A new paper has added to the body of evidence of the role of confidence in decreasing social mobility.
‘Family Background, Self-Confidence and Economic Outcomes‘ by Antonio Filippin and Marco Paccagnella says that:
Even small differences in initial confidence can result in diverging patterns of human capital accumulation between otherwise identical individuals.
As long as initial differences in the level of self-confidence are correlated with the socioeconomic background…self-confidence turns out to be a channel through which education and earnings inequalities are transmitted across generations.
Filippin and Paccagnella say that the over-confident are more likely to stick with a subject during the early steep phase of the learning curve – believing that “I can master this if only I apply myself” – whereas the under-confident are likely to give up, thinking the material is too difficult for him/her.
An over-confident student is more likely to chose subjects which will get them into top universities, whereas the less confident will choose subjects which disqualify them.
In June, The Organisation for Economic Co-operation and Development (OECD) said that “self-confidence” is a key factor in whether pupils from poorer backgrounds succeed.
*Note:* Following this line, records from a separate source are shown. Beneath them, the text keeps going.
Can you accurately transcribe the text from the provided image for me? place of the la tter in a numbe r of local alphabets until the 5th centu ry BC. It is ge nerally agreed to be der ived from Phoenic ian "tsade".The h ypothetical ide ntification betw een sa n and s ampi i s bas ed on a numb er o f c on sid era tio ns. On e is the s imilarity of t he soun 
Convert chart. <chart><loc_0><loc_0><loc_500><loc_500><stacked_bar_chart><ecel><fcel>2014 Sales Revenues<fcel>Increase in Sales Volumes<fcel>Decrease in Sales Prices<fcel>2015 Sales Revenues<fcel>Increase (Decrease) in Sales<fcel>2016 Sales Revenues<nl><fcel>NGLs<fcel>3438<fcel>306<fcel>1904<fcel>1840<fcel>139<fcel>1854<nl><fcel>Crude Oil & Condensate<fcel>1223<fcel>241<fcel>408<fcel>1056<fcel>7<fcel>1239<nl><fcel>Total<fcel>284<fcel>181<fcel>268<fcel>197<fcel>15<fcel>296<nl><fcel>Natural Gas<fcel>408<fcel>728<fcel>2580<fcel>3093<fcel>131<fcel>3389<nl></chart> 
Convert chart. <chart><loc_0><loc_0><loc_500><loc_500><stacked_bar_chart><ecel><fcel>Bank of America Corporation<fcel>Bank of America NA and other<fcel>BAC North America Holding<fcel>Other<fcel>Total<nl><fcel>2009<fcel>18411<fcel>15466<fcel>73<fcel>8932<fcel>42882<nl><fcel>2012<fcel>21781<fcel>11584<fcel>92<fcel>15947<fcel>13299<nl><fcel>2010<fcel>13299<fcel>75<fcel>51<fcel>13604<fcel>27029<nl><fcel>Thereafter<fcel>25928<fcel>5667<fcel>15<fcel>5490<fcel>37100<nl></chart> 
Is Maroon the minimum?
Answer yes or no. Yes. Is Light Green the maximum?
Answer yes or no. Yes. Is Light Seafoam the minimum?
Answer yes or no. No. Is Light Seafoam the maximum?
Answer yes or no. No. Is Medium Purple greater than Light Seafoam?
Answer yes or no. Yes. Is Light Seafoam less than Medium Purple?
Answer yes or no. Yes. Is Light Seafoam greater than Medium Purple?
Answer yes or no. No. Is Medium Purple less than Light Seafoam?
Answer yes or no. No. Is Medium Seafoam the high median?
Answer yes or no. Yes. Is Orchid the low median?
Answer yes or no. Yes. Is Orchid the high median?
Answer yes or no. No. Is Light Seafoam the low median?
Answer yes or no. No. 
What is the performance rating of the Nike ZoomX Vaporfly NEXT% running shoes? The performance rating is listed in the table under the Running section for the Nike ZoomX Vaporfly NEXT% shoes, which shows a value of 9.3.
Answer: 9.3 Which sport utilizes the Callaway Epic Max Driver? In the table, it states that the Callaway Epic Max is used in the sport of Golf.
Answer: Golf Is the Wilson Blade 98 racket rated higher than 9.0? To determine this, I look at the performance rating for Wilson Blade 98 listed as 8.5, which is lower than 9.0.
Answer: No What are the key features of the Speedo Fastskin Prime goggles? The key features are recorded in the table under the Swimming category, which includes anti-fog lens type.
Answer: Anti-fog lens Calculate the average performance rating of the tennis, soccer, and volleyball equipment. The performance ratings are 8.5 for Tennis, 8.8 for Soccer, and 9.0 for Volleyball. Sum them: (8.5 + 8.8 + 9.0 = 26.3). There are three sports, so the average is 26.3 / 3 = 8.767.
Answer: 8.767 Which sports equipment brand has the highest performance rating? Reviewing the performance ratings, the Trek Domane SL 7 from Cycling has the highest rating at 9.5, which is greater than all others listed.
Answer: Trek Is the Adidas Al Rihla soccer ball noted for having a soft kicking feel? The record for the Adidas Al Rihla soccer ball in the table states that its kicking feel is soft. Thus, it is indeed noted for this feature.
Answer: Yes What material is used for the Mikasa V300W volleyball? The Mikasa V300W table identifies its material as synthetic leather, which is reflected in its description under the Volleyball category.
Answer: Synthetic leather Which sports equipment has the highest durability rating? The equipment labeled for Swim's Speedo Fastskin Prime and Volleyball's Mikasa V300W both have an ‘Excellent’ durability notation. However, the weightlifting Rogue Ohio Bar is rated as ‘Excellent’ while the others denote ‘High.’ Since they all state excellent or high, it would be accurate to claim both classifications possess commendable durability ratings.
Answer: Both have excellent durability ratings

Other research has shown that overconfident people are more likely to choose professions where risk can equal reward, such as management, law journalism or politics. The less confident, because they will under-estimated their chances, would prefer jobs which yield less skewed rewards.
Overconfidence is perceived as actual ability, these people send out more “competence cues”; they talk louder, have more confidence in their opinions and use more emphatic gestures, all of which is wrongly interpreted as signs of actual ability.
The overconfident job candidate is thus more likely to get the job than the more rational one. The under-confident can also been manipulated. British business writer ‘Flip Chart Fairy Tales’ says:
However much we may despise social hierarchy and claim that we are beyond all of that now, the social conditioning associated with it runs deep. True, you get some very confident working class people and some awkward and diffident posh ones. The chances are, though, that if you meet someone who oozes that breezy effortless confidence, he or she probably went to one of the more exclusive [private] schools.
What this research is finding is that what we call ‘merit’ — academic achievement or career success — in many cases may in fact come from an overconfidence which is helped along by the social position someone is born into.
Filippin and Paccagnella say that:
“Our theory suggests that cognitive tests should take place as early as possible, in order to avoid that systematic differences in self-confidence among equally talented people lead to the emergence of gaps in the accumulation of human capital.”